Issun-Boshi grew up to be a brave and comely lad, even though he didn’t grow in stature. One day, he expressed his wish to visit the capital. So his mother armed him with a needle from her sewing basket, gave him a bowl for a boat, and he drifted down the river, steering with a pair of chopsticks. When he arrived at the capital, he found work with a noble family and they were much pleased with his demeanour. Miwa, the daughter of the household, was particularly fond of him.
One day, Miwa decided to visit the temple to pray and Issun-Boshi accompanied her. As they walked through the dapple green of bamboo groves, two hideous oni jumped from the trees to accost the lovely girl. Issun-Boshi drew his needle and stabbed one of the oni in the toe.
“Itai! Itai!” he bellowed and looked down to see what had pricked him. When he saw tiny Issun-Boshi brandishing a sewing needle, he laughed and laughed until the ground shook. “My, what a fierce little warrior,” he chuckled and p
icked up the brave lad between his thumb and forefinger.
“Unhand the maiden or you’ll have me to deal with!” Issun-Boshi challenged, not the least intimidated by the strength and size of the monster.
“Why you mouthy little underfed manling! I’ll eat you for a snack,” the red oni laughed, and tossed him into his gullet. But the brave lad did not give up. He ran about the demon’s great belly and stabbed his organs with his needle sword until the oni howled with pain and spewed him from his gut. The second oni bent low to pick him up, but Issun Boshi flew at the demon’s eye and pierced the giant globe with his needle. The two howling oni fled from the great warrior, back to their mountain home. As they ran, one of the demons dropped a magical mallet. A mallet which could be swung, ichi, ni, san, and asked to grant any wish desired. The lovely daughter of the noble family saw what the monsters had dropped and picked it up with joy.

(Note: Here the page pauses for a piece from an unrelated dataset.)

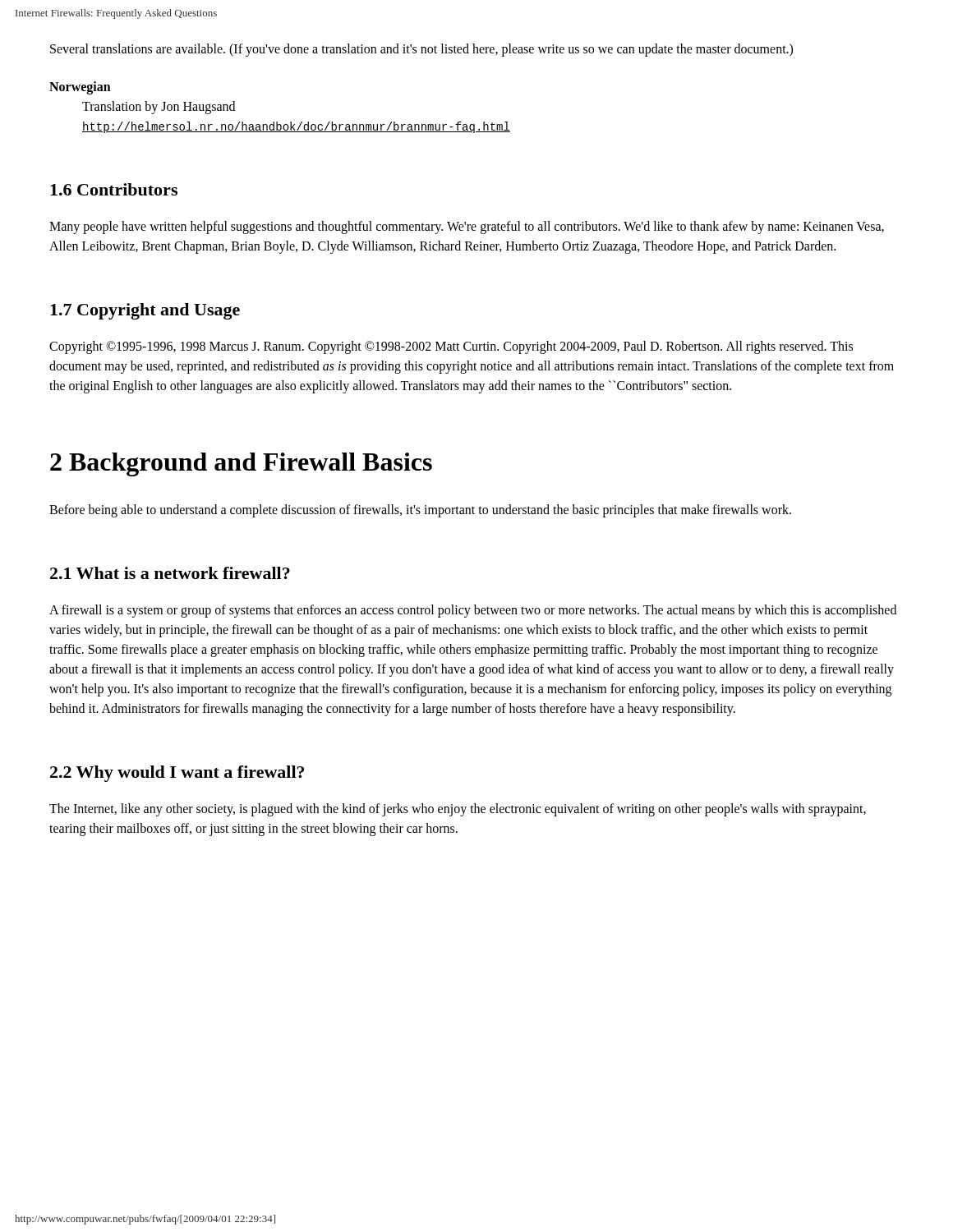Image resolution: width=953 pixels, height=1232 pixels.
Task: Navigate to the passage starting "2.2 Why would I want a firewall?"
Action: [x=177, y=772]
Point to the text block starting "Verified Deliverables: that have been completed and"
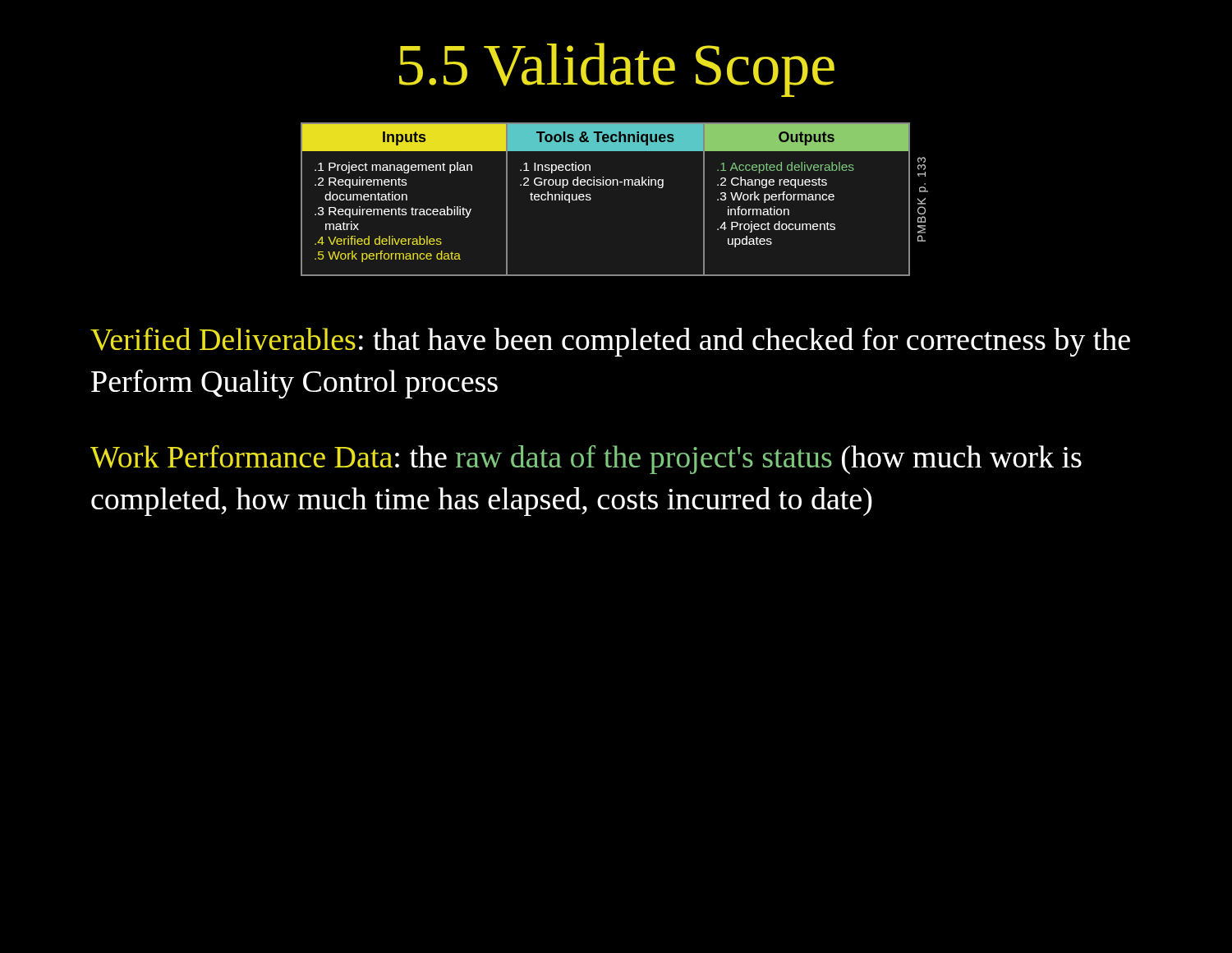Image resolution: width=1232 pixels, height=953 pixels. point(611,360)

“Issun-Boshi! Now you can grow to the size of normal men and we can become married!” Miwa cried, her heart filled with love and admiration for her mighty little warrior.
“Let this be so,” the youth answered, and Miwa swung the mallet, ichi, ni, san, and Issun-Boshi grew bigger and broader and, in fact, was a great samurai. The family were overjoyed when they heard the story and gladly agreed to their marriage. Issun-Boshi joined their family as an equal despite his modest past. But his sudden stature, his noble position and his victory over two oni filled the lad’s heart with pride and his kindly demeanour became a thing of the past. When Miwa lay down to sleep beside her new husband, he cared not a whit for her pleasure, but tore into her in what he thought suited his manly position. Miwa wondered what had happened to the boy she had loved. She bled but did not cry.

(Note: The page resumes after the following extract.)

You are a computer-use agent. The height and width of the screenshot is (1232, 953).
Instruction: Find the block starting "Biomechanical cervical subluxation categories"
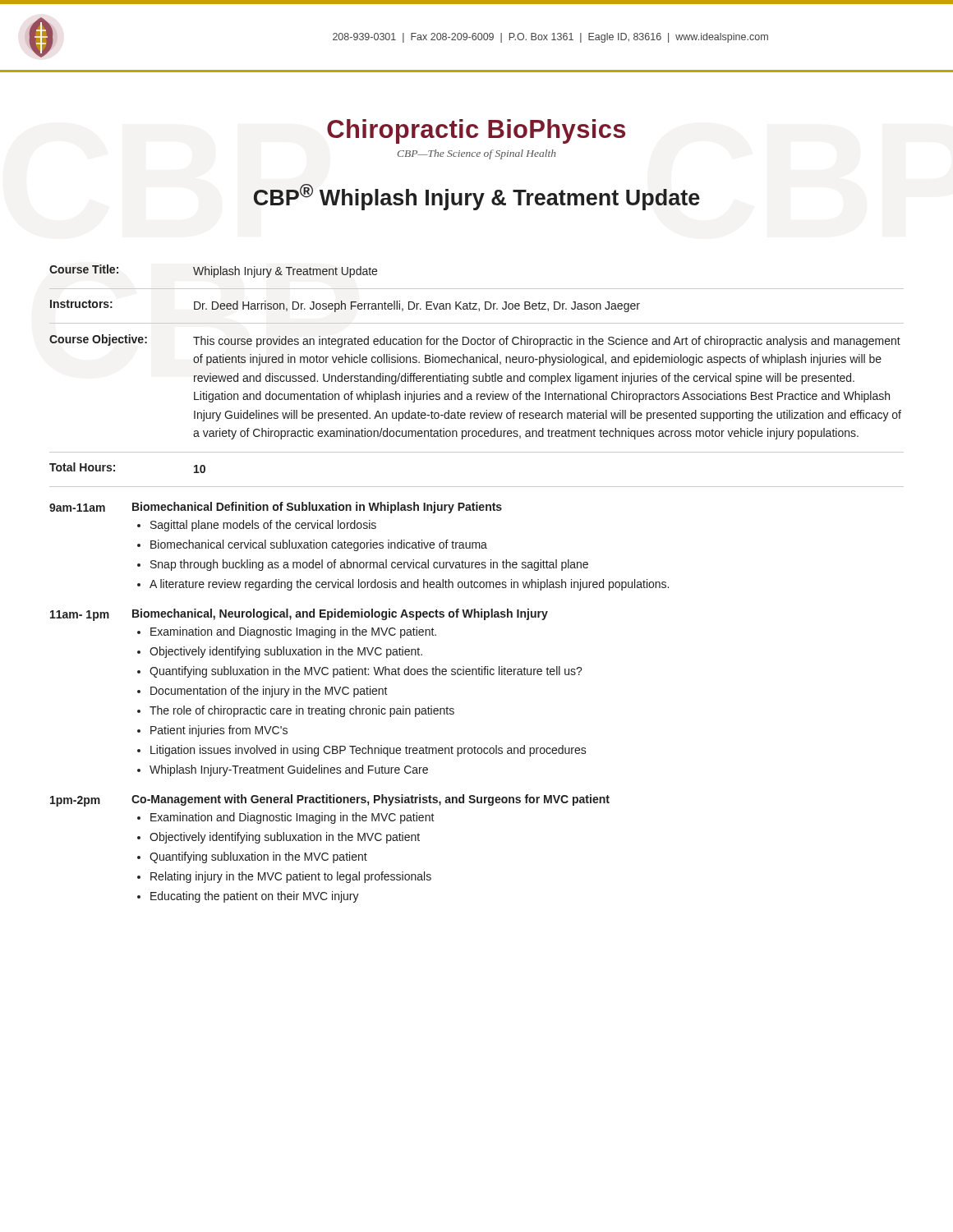(318, 545)

Many weeks passed. Issun-Boshi, who had been brave but gentle when he was so much smaller, became more arrogant and violent. Miwa waited and waited to see if Issun-Boshi was only going through a period of adjustment. When his kindly parents in their coarse cotton clothes came searching for their tiny son, he laughed at their poor appearance.
“I have no time for peasant talk,” he mocked. “And if your tale is really true, than your son must have surely drowned in the river, for no such boy was ever heard of in the capital.”